It is clear that unlike a decade ago, the world of servers has changed dramatically.
The increasingly performing and low-cost hardware, the bandwidth always of better quality and amplitude, the "fashion" of high-performance virtualization (Xen, Kvm, Vmware for example), the fierce competition between the ever-increasing Italian and European suppliers , gave the possibility to rent a dedicated one at bargain prices in the order of 50/60 euros per month, and VPS servers from 20 euros (and even less) per month.
With these inviting prerogatives, many "kids" and users have improvised sysadmin overnight and ventured into the configuration and administration of Linux servers.
The experience accumulated in the last six years and the numerous cases that have seen us as solvers of countless (often even serious) problems for our customers has led us to draw a sad conclusion:
"too many users do not have the technical skills to elegantly manage a linux system "
The dangers you might run into in relying on an improvised systems engineer.
This becomes a problem as often on the server managed by the "kid" on duty, there is often a hardening that guarantees the security of the system from attackers, a firewall is missing, an IDS is missing, a tuning of services to optimize performance is lacking. of the server itself, there is no backup and disaster recovery system, and often many wrong choices are made that could lead to annoying downtime and machine downtime, or in the most extreme cases to a partial or total loss of data.
What is most worrying is that this fashion of the "Do-it-yourself system engineer" it is not only rooted in the curious and adventurous psychology of the geek on duty, who chooses this difficult path to host and manage his small personal site, but it is also a trend in force in small and medium-sized businesses where on their dedicated serverino rented for 50 euros per month they run ecommerce which is a vital element for their company as it generates monthly sales and revenues of a few hundred thousand euros.
Unfortunately, there is the unawareness of the risks that are encountered by approaching the management of a linux server without the right technical knowledge, hoping that the good graphic control panel (idiot-proof) like Plesk o cPanel may be the lifeline for the Sunday sysadmin and may be the alternative to years of theoretical and practical studies spent launching weird commands from a text terminal in front of a dollar or pound-shaped cursor (shell unix ed. ).
Surely these "surrogates", which are the control panels, are sufficient to run everything in a rather elegant and functional way, at least until the toy breaks, or is broken by clicking at random to any requests generated by these web control panels.

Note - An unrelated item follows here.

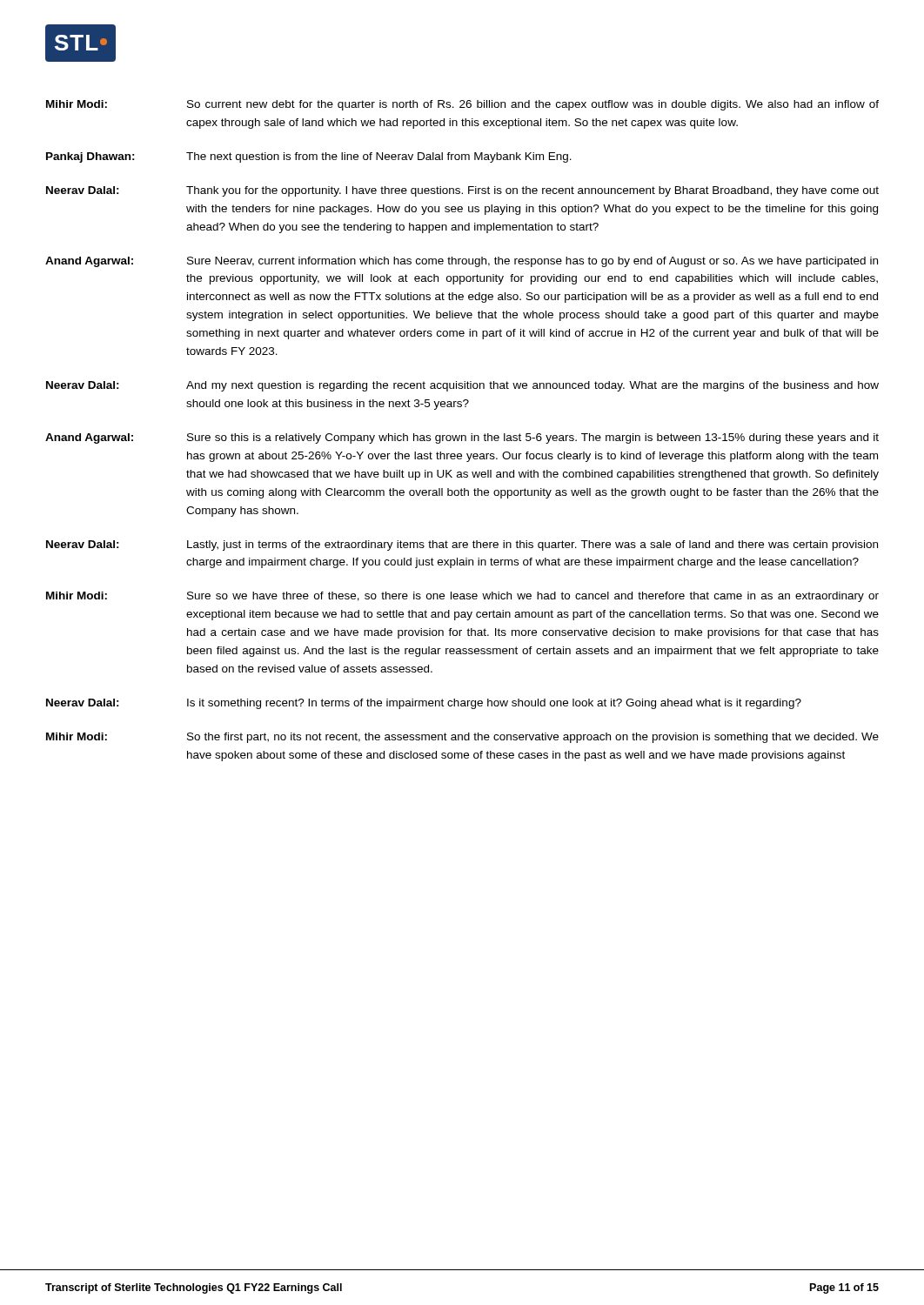Image resolution: width=924 pixels, height=1305 pixels.
Task: Click on the region starting "Anand Agarwal: Sure so this is a"
Action: pos(462,474)
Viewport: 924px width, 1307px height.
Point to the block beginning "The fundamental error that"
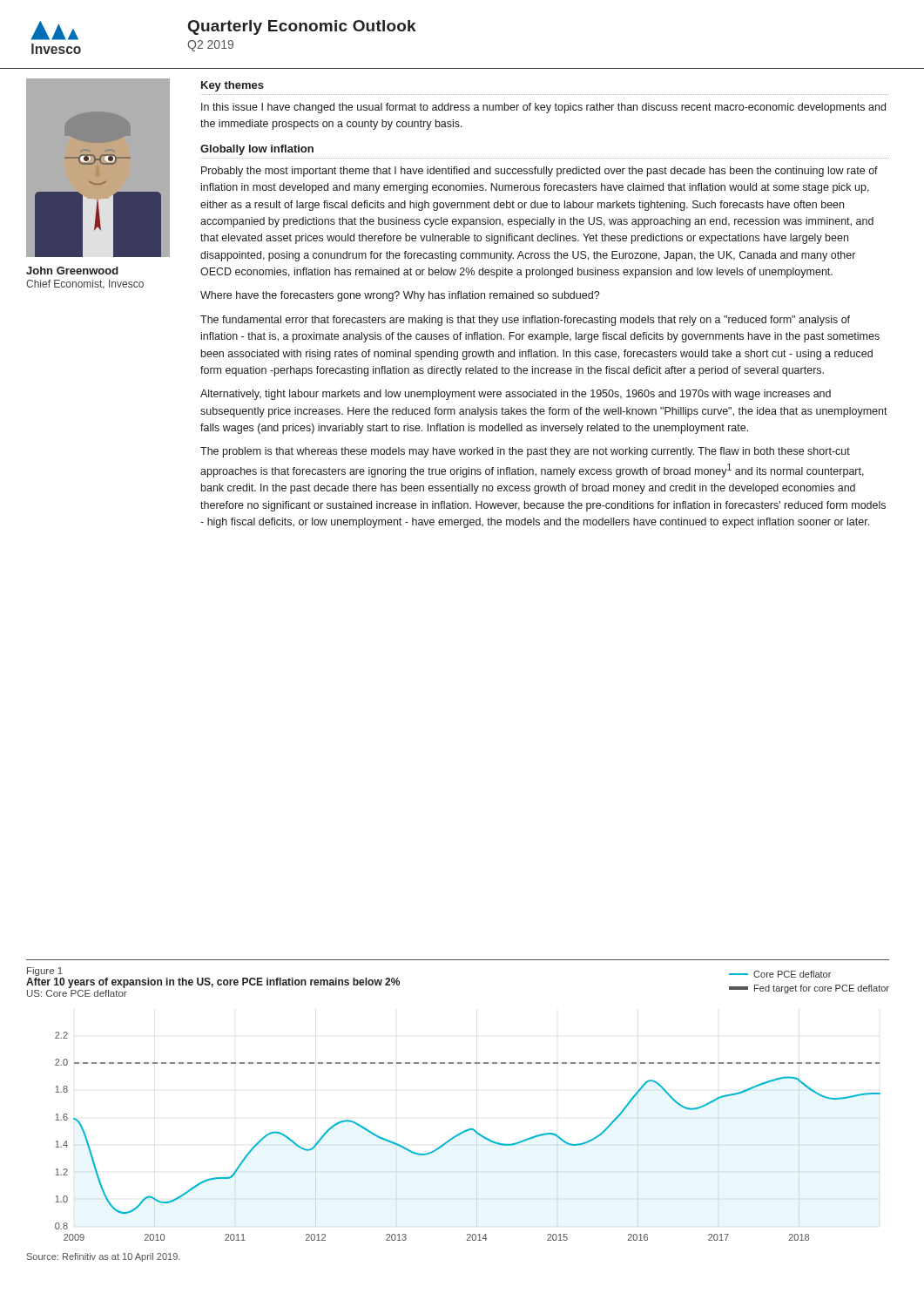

- How many Plesk users for example updating to a new version found the panel no longer accessible because during the update phase the relative 'servers' table was not created in the mysql db? How do you deal with an error like this: error-message on plesk - when i will create a db-user: Table 'mysql.servers' doesn't exist?

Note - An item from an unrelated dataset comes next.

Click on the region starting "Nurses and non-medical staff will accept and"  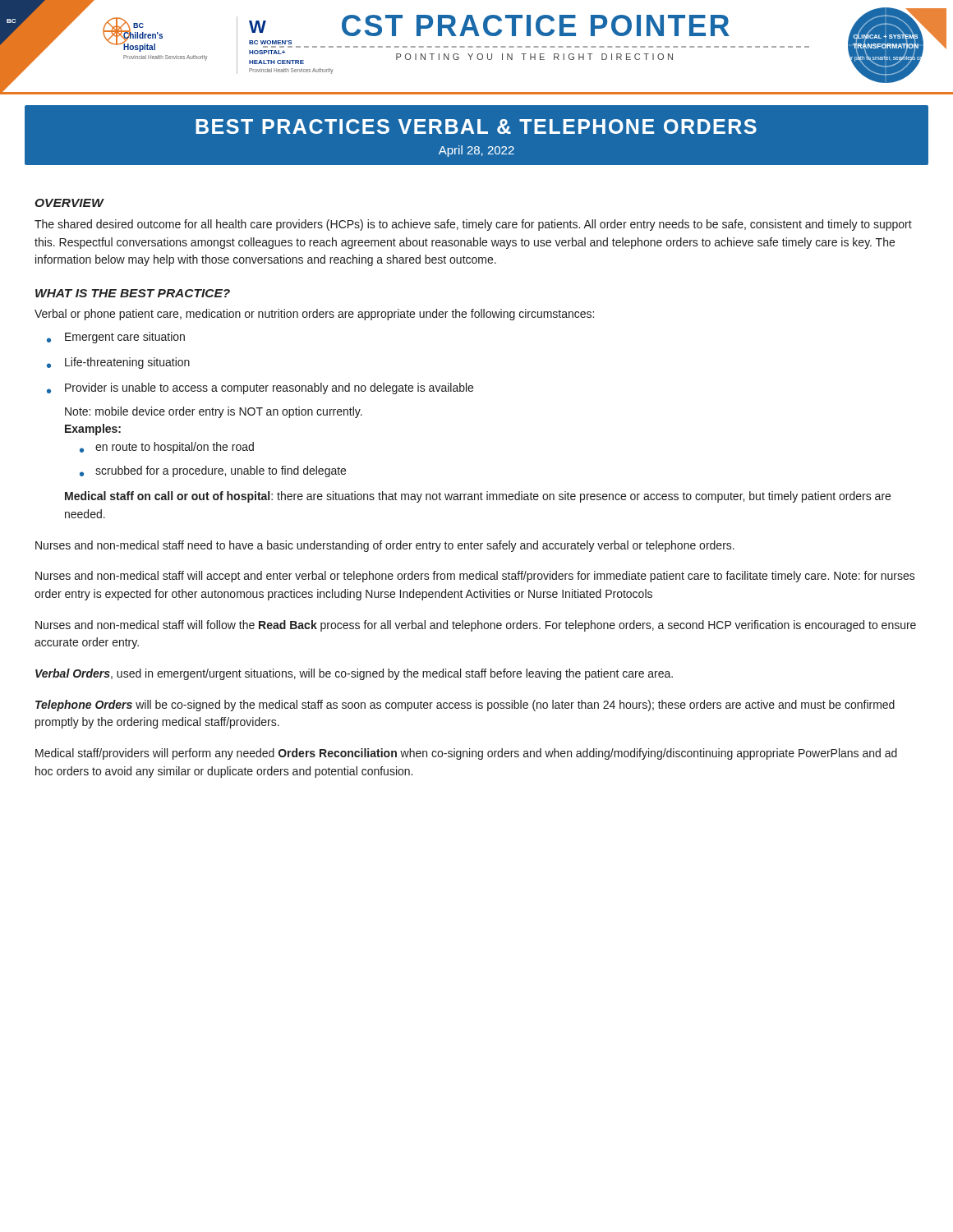(x=475, y=585)

- How many Plesk users for example have naively upgraded from PHP 5.2 to PHP 5.3 to find that their sites no longer work due to the deprecated functions on the new interpreter? What to do next?
These are the cases in which luckily (ours, not theirs) end up contacting us and begging us to solve the problem as quickly as possible (and maybe even at the cost of a pizza).

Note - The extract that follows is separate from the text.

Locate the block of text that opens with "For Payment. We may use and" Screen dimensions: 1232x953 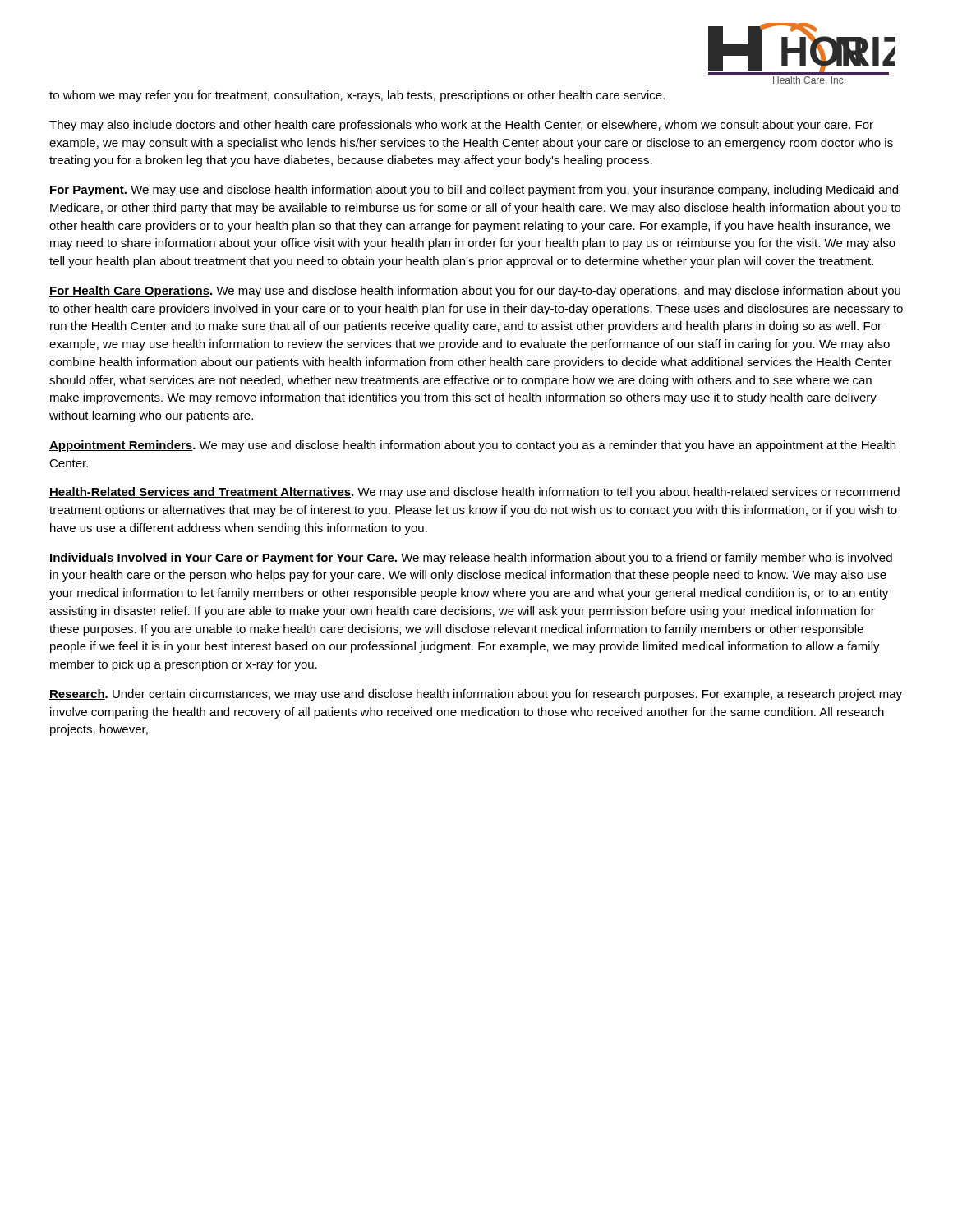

The average user unfortunately it runs a VPS or a dedicated one he has little computer literacy and ends up becoming slaughterhouse fodderas well as victim and murderer at the same time.
Having a zombie machine and being ignorant of DDOS attacks (distributed attacks) leads in the most frequent cases to being disconnected from the network, up to the most serious cases in which the machine is used as a bridgehead for an attack on another server in network, ad be reported for unauthorized access to the computer system, and in order to demonstrate in court (hand to the wallet for the lawyers and many fine paperwork and formalities to be fulfilled) that you are completely unaware of the affair and that you too are an injured party.
Wouldn't it have been better for the company to invest in qualified personnel by outsourcing the managed management of their server with a negligible cost ranging from 60 to 120 euros per month on average?
Wouldn't it have been better for that company that has lost an entire ecommerce site and the entire customer DB (due to lack of backups and disaster recovery policies) to entrust their business to professional systems engineers?
Wouldn't it have been better for that company that decided to install Fedora Linux to opt for an RPM based system like CentOS that has ten-year development cycles versus Fedora's very short cycles?
Wouldn't it be better if everyone in life did what they know how to do, rather than try their hand at virtuous manipulations that can lead to the failure of a company?